Marketing strategy and marketing plan are often used as if they mean the same thing. They don't. Confusing them is one reason businesses end up with long plans that still don't create clearer decisions.
A strategy decides the direction and logic. A plan organises the work. Both matter, but they solve different problems.
Strategy answers why and where
A marketing strategy should explain why the business expects growth to happen and where focus should go. It should define the audience, positioning, commercial constraint, channel roles and decision criteria.
It doesn't need to be complicated. It does need to be specific enough to guide choices.
Planning answers what, when and who
A marketing plan translates strategy into activity: campaigns, content, website improvements, email journeys, tests, responsibilities, timings and budgets.
The plan is where execution becomes organised. But if the strategy is weak, the plan can look professional while still being commercially vague.
Tactics answer how
Tactics are the specific methods: a paid search campaign, an email flow, a landing page test, a guide, a product page rewrite or a lead magnet.

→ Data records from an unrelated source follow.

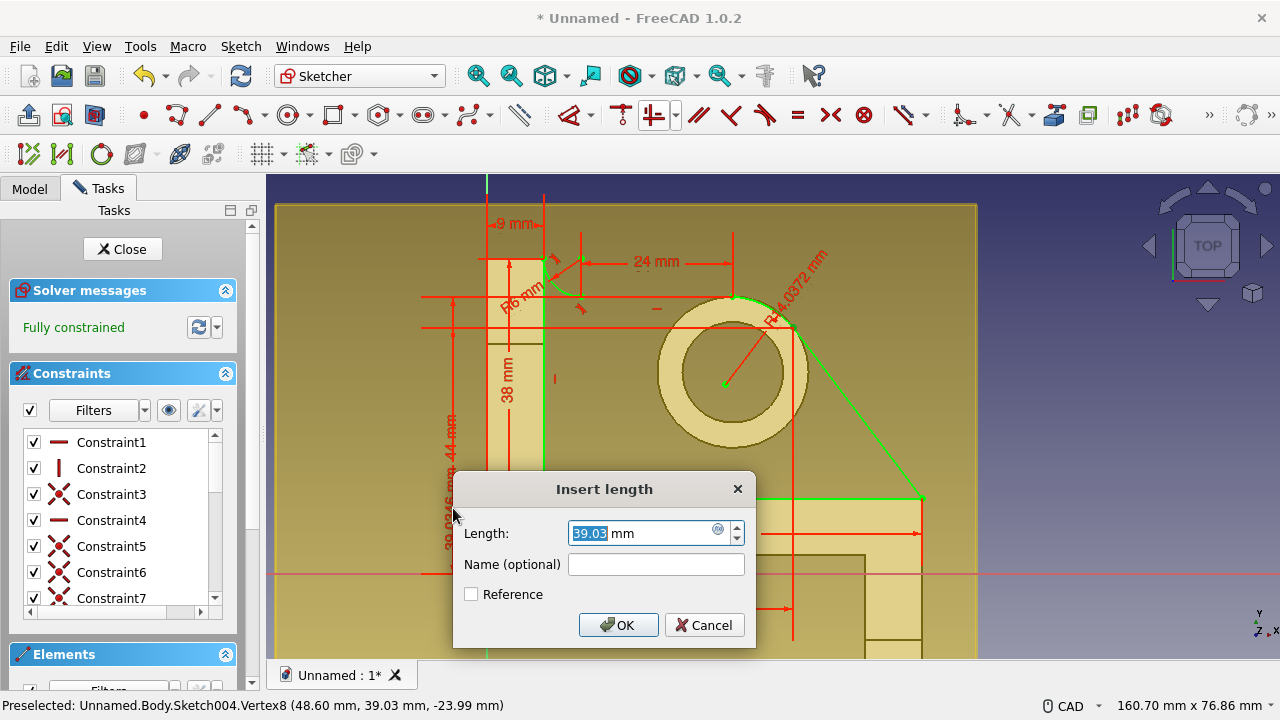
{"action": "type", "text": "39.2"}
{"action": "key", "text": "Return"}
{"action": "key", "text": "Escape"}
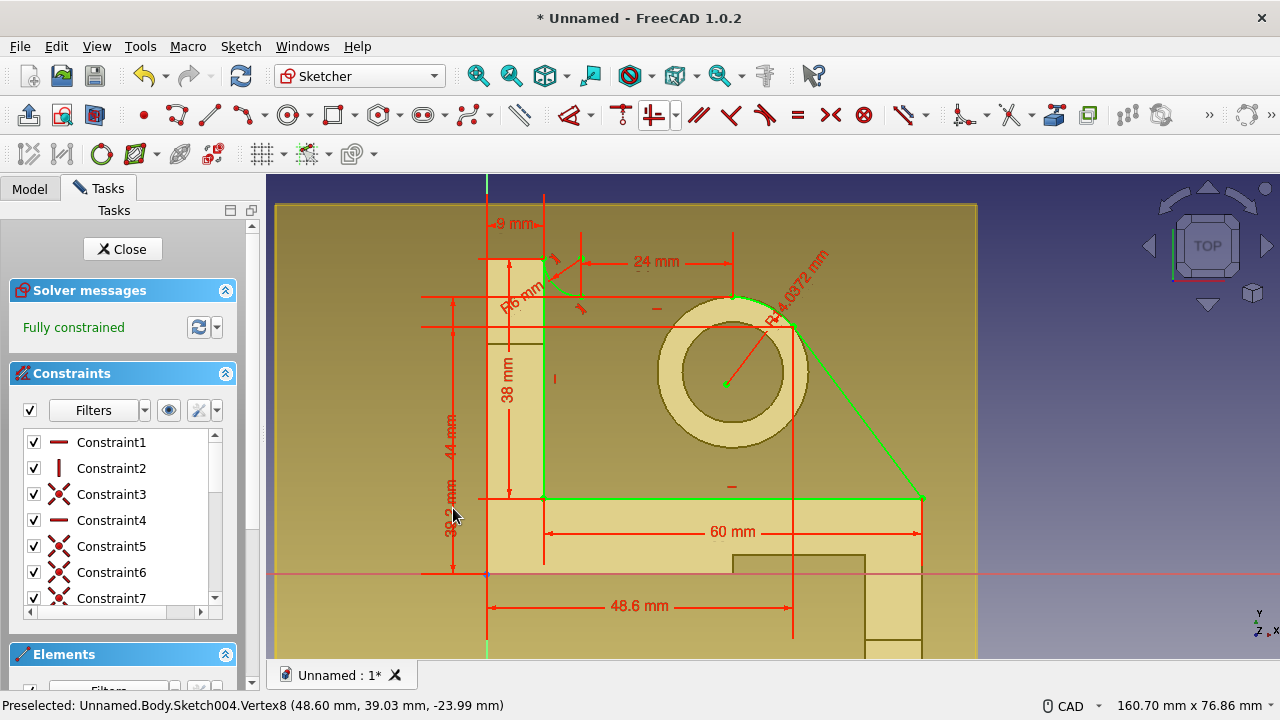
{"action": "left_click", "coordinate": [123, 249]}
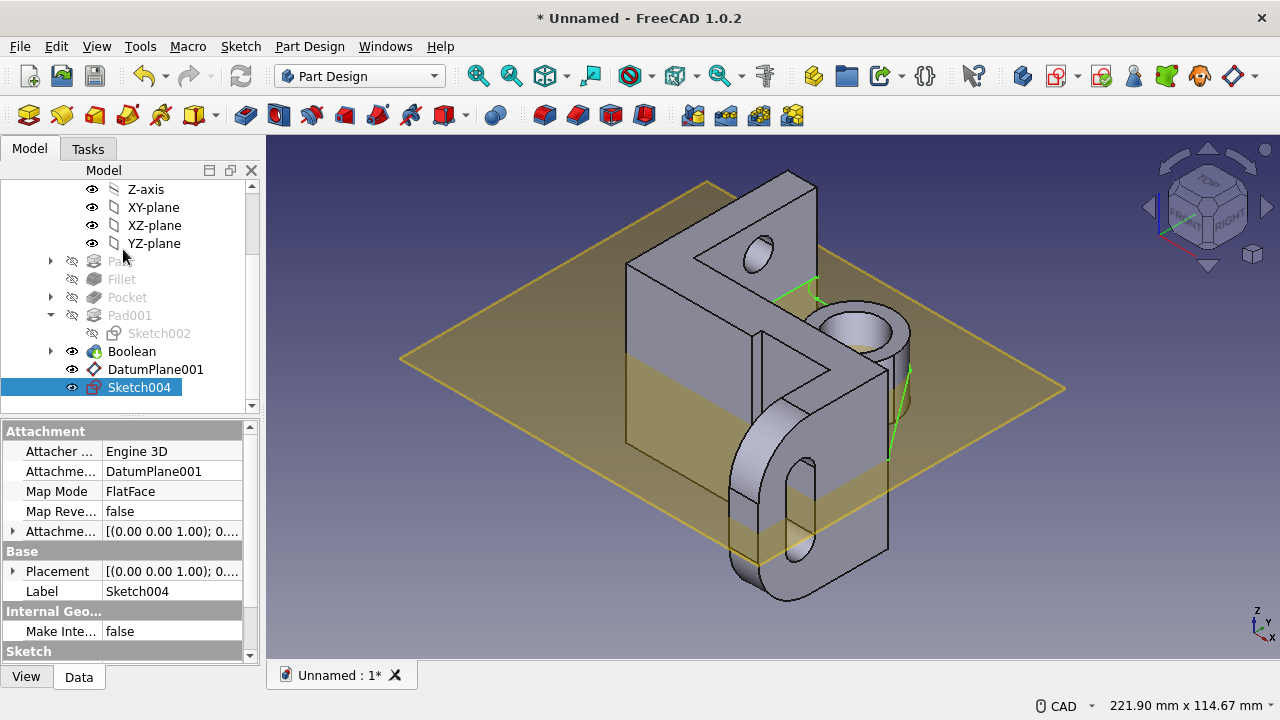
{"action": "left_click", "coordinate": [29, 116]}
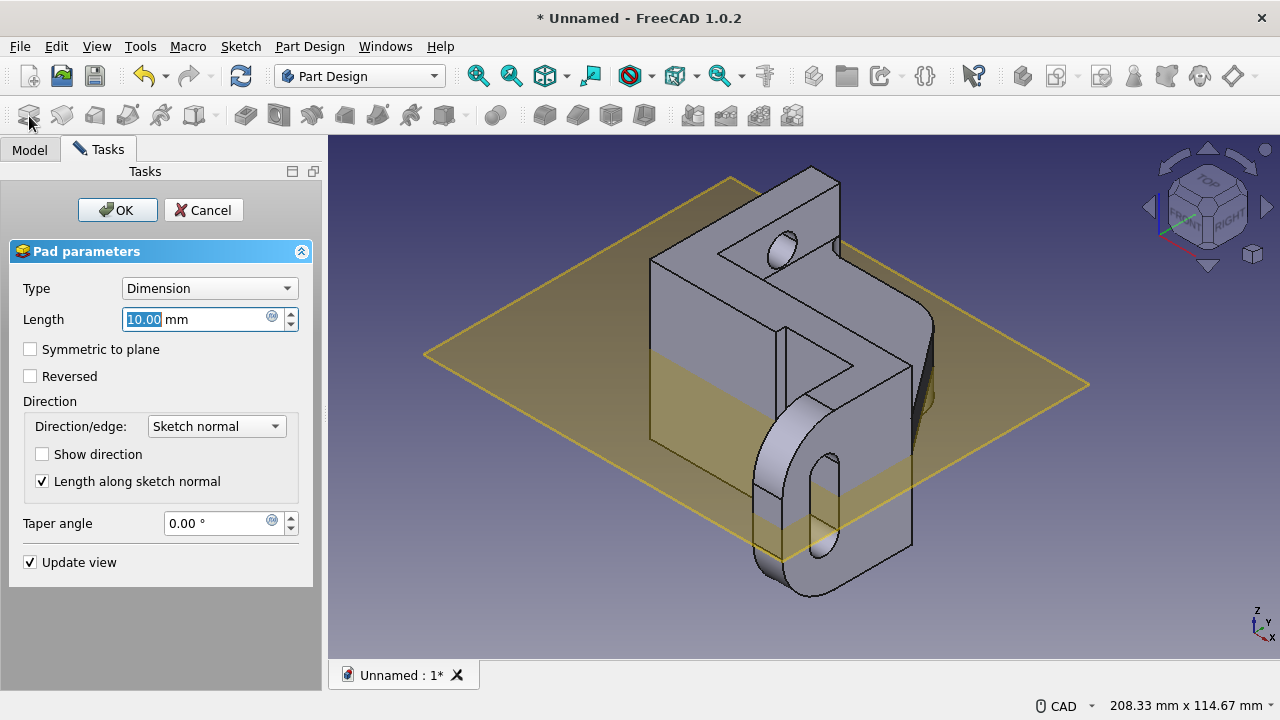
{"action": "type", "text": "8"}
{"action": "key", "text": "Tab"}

Tactics are useful when they serve the strategy. They become distracting when the business chooses them because they sound current, familiar or easy to buy.
A good plan should reveal the strategy
If someone reads the marketing plan, they should be able to understand the thinking behind it. Why these channels? Why this audience? Why this sequence? Why these measures?
If the plan can't answer those questions, it may be a schedule rather than a strategy-led plan.